▶ [Exercise goal]: Find "list Irenesluis –" and "list Jaarsveld –" in the records below. Copy the lines holding them and every line between, exactly, and no others.

=== Data for processing ===

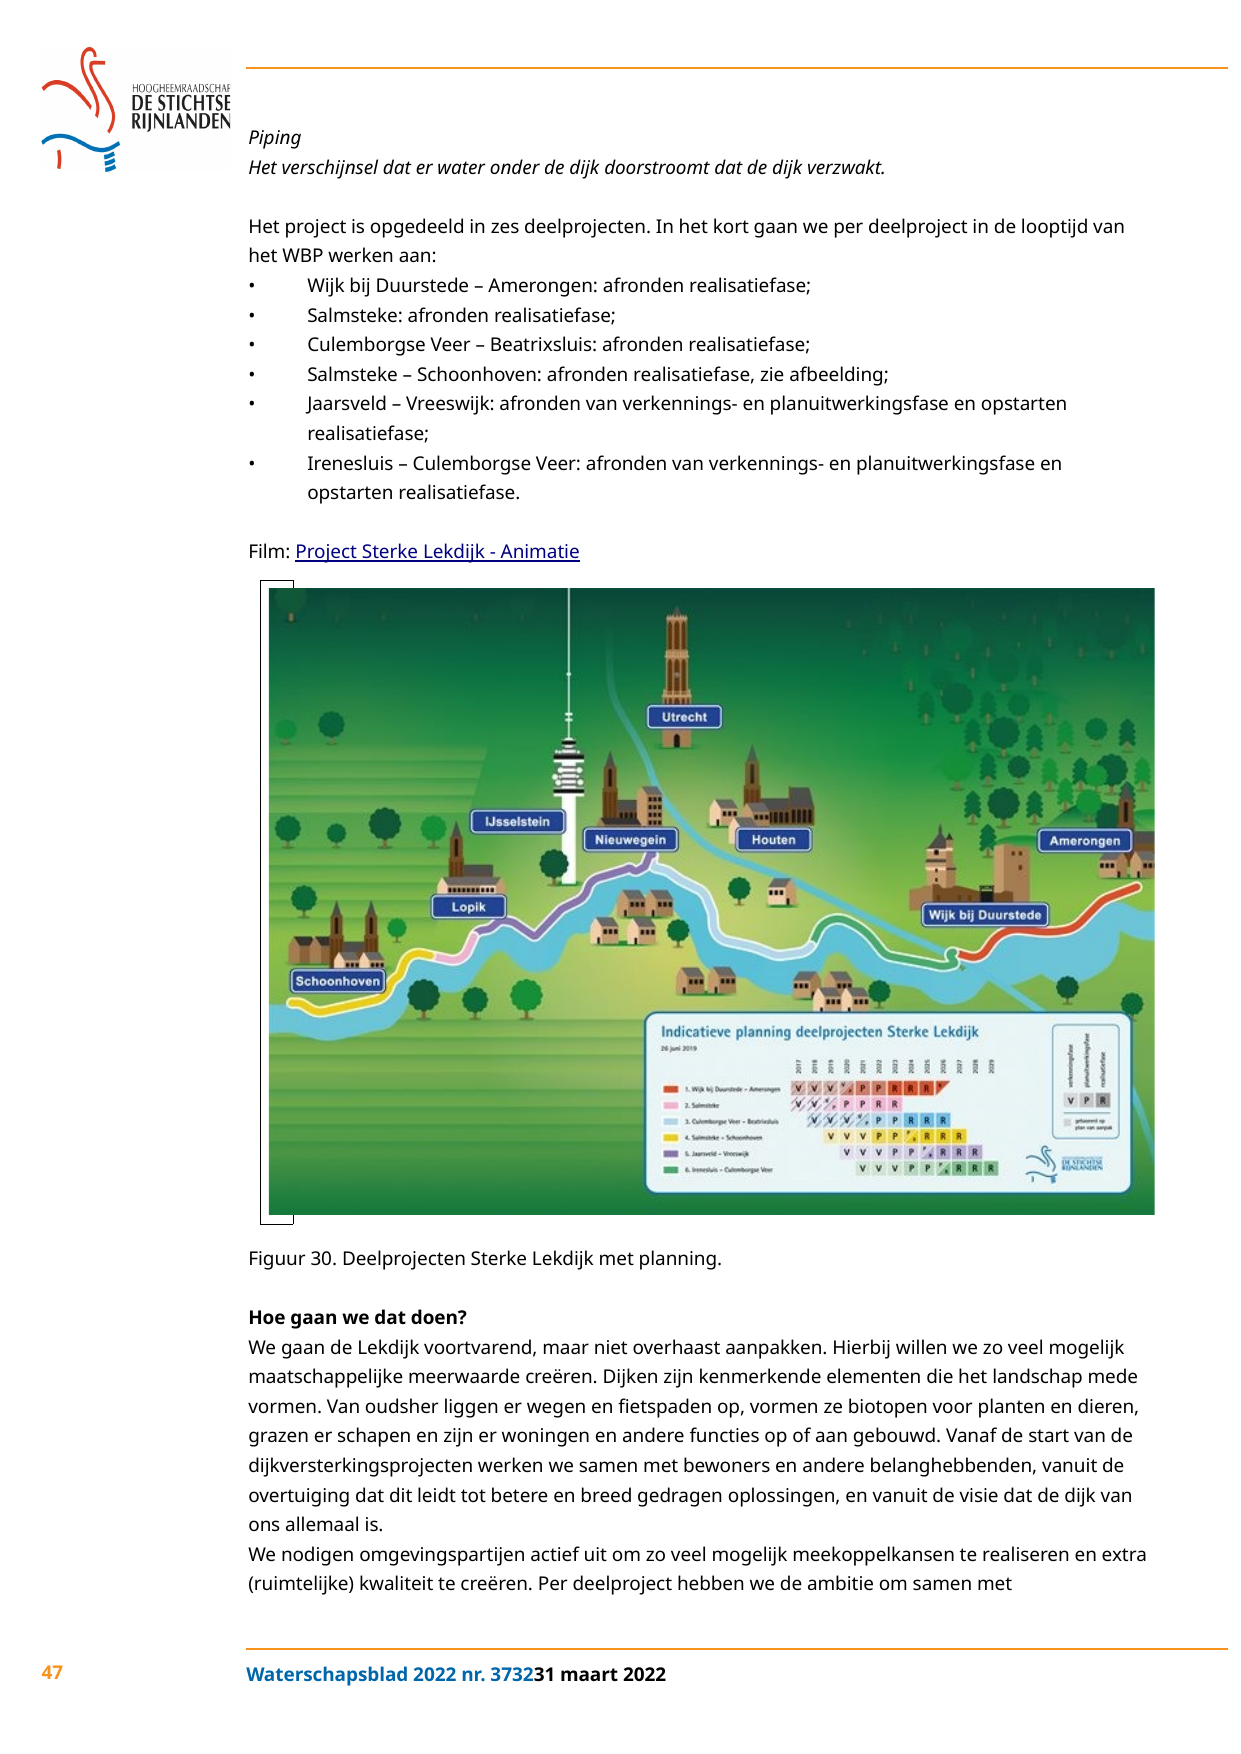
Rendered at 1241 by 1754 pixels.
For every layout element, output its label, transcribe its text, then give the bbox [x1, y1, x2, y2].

text Piping [248, 124, 1152, 150]
text We nodigen omgevingspartijen actief uit om zo veel mogelijk meekoppelkansen te realiseren en extra (ruimtelijke) kwaliteit te creëren. Per deelproject hebben we de ambitie om samen met [248, 1541, 1152, 1596]
text We gaan de Lekdijk voortvarend, maar niet overhaast aanpakken. Hierbij willen we zo veel mogelijk maatschappelijke meerwaarde creëren. Dijken zijn kenmerkende elementen die het landschap mede vormen. Van oudsher liggen er wegen en fietspaden op, vormen ze biotopen voor planten en dieren, grazen er schapen en zijn er woningen en andere functies op of aan gebouwd. Vanaf de start van de dijkversterkingsprojecten werken we samen met bewoners en andere belanghebbenden, vanuit de overtuiging dat dit leidt tot betere en breed gedragen oplossingen, en vanuit de visie dat de dijk van ons allemaal is. [248, 1334, 1152, 1537]
picture [41, 47, 231, 172]
list Wijk bij Duurstede – Amerongen: afronden realisatiefase; [248, 272, 1152, 298]
list Irenesluis – Culemborgse Veer: afronden van verkennings- en planuitwerkingsfase en opstarten realisatiefase. [248, 450, 1152, 505]
list Culemborgse Veer – Beatrixsluis: afronden realisatiefase; [248, 331, 1152, 357]
text Hoe gaan we dat doen? [248, 1304, 1152, 1330]
list Jaarsveld – Vreeswijk: afronden van verkennings- en planuitwerkingsfase en opstarten realisatiefase; [248, 391, 1152, 446]
list Salmsteke – Schoonhoven: afronden realisatiefase, zie afbeelding; [248, 361, 1152, 387]
text Film: Project Sterke Lekdijk - Animatie [248, 538, 1152, 564]
text Het verschijnsel dat er water onder de dijk doorstroomt dat de dijk verzwakt. [248, 154, 1152, 180]
picture [268, 588, 1155, 1215]
list Salmsteke: afronden realisatiefase; [248, 302, 1152, 328]
text Het project is opgedeeld in zes deelprojecten. In het kort gaan we per deelproject in de looptijd van het WBP werken aan: [248, 213, 1152, 268]
text Figuur 30. Deelprojecten Sterke Lekdijk met planning. [248, 1245, 1152, 1271]
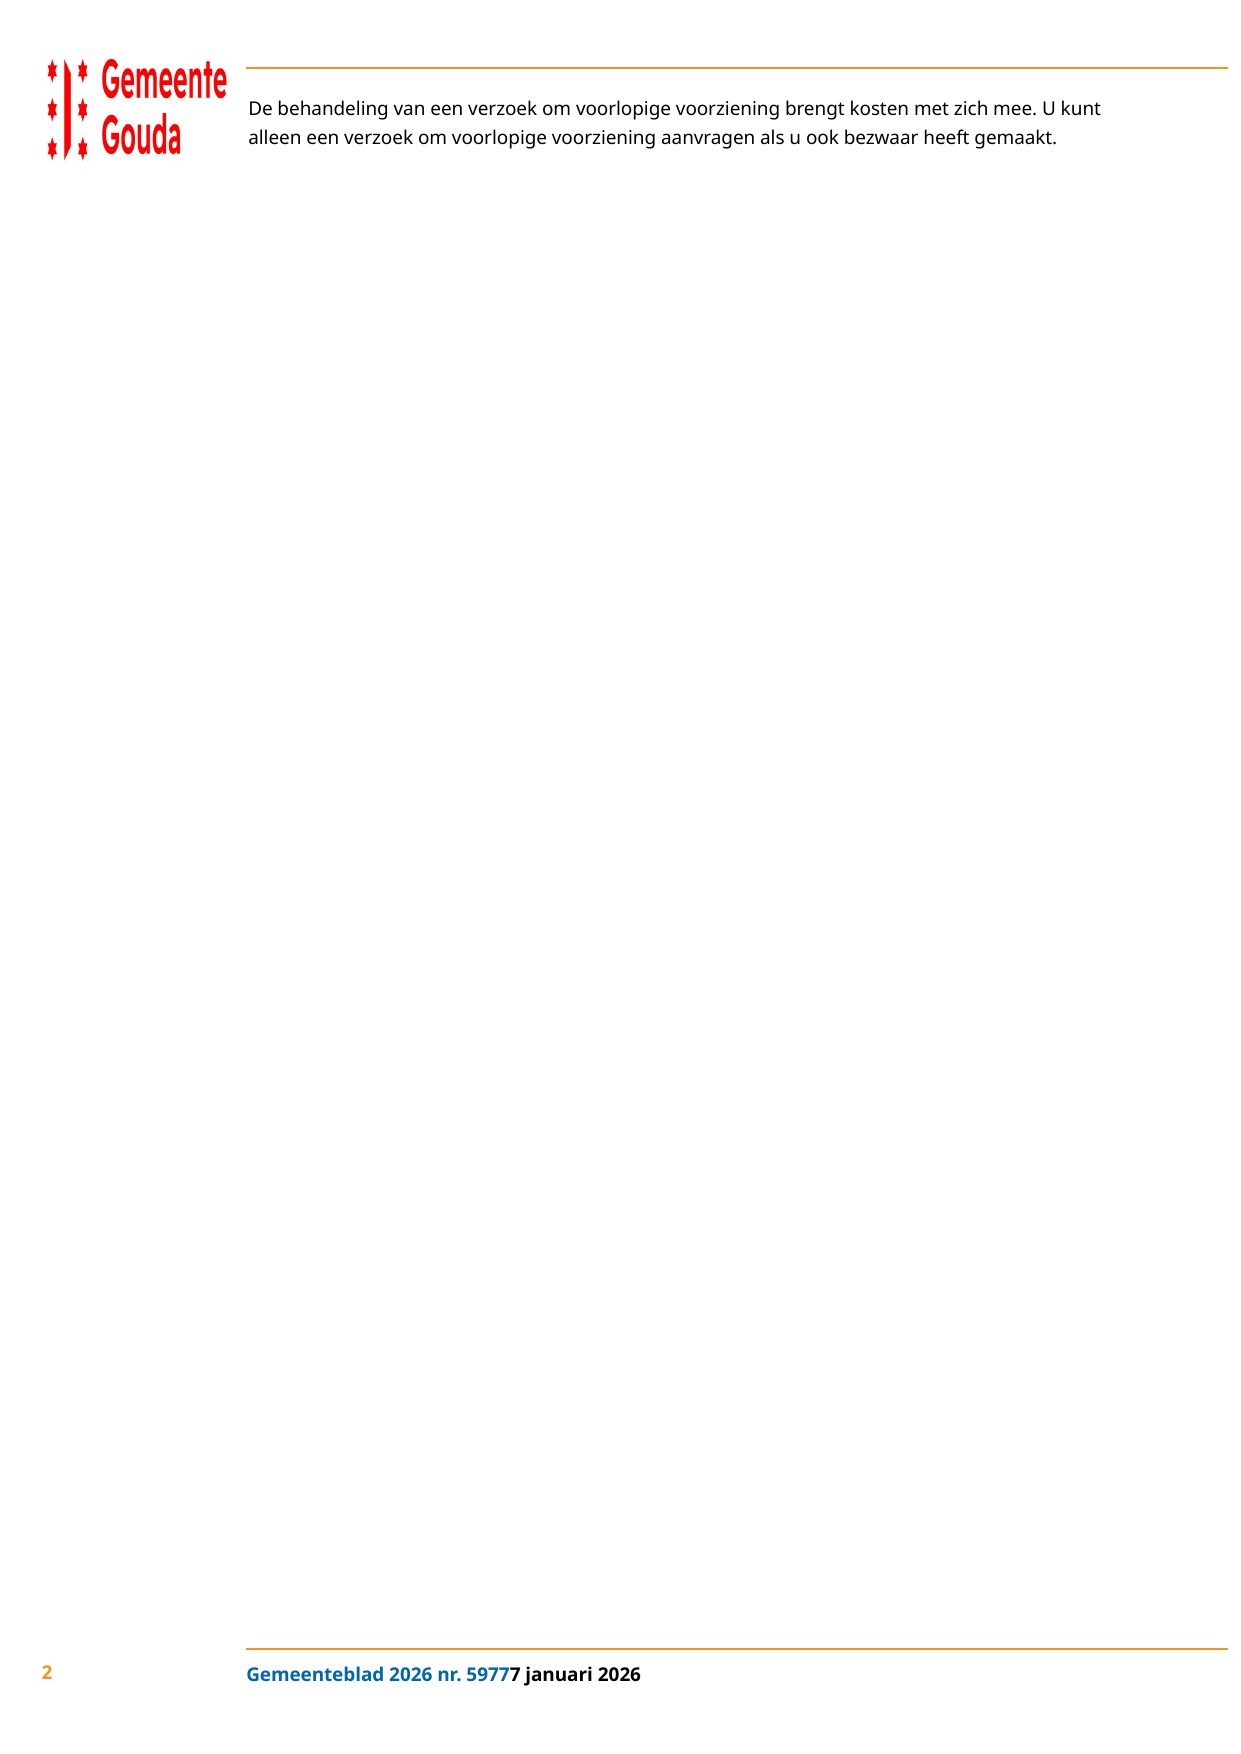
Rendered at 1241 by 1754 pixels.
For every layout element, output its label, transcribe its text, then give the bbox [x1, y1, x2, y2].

picture [41, 47, 231, 172]
text De behandeling van een verzoek om voorlopige voorziening brengt kosten met zich mee. U kunt alleen een verzoek om voorlopige voorziening aanvragen als u ook bezwaar heeft gemaakt. [248, 95, 1152, 150]

===

▶ [Written response]:
list Irenesluis – Culemborgse Veer: afronden van verkennings- en planuitwerkingsfase en opstarten realisatiefase. [248, 450, 1152, 505]
list Culemborgse Veer – Beatrixsluis: afronden realisatiefase; [248, 331, 1152, 357]
text Hoe gaan we dat doen? [248, 1304, 1152, 1330]
list Jaarsveld – Vreeswijk: afronden van verkennings- en planuitwerkingsfase en opstarten realisatiefase; [248, 391, 1152, 446]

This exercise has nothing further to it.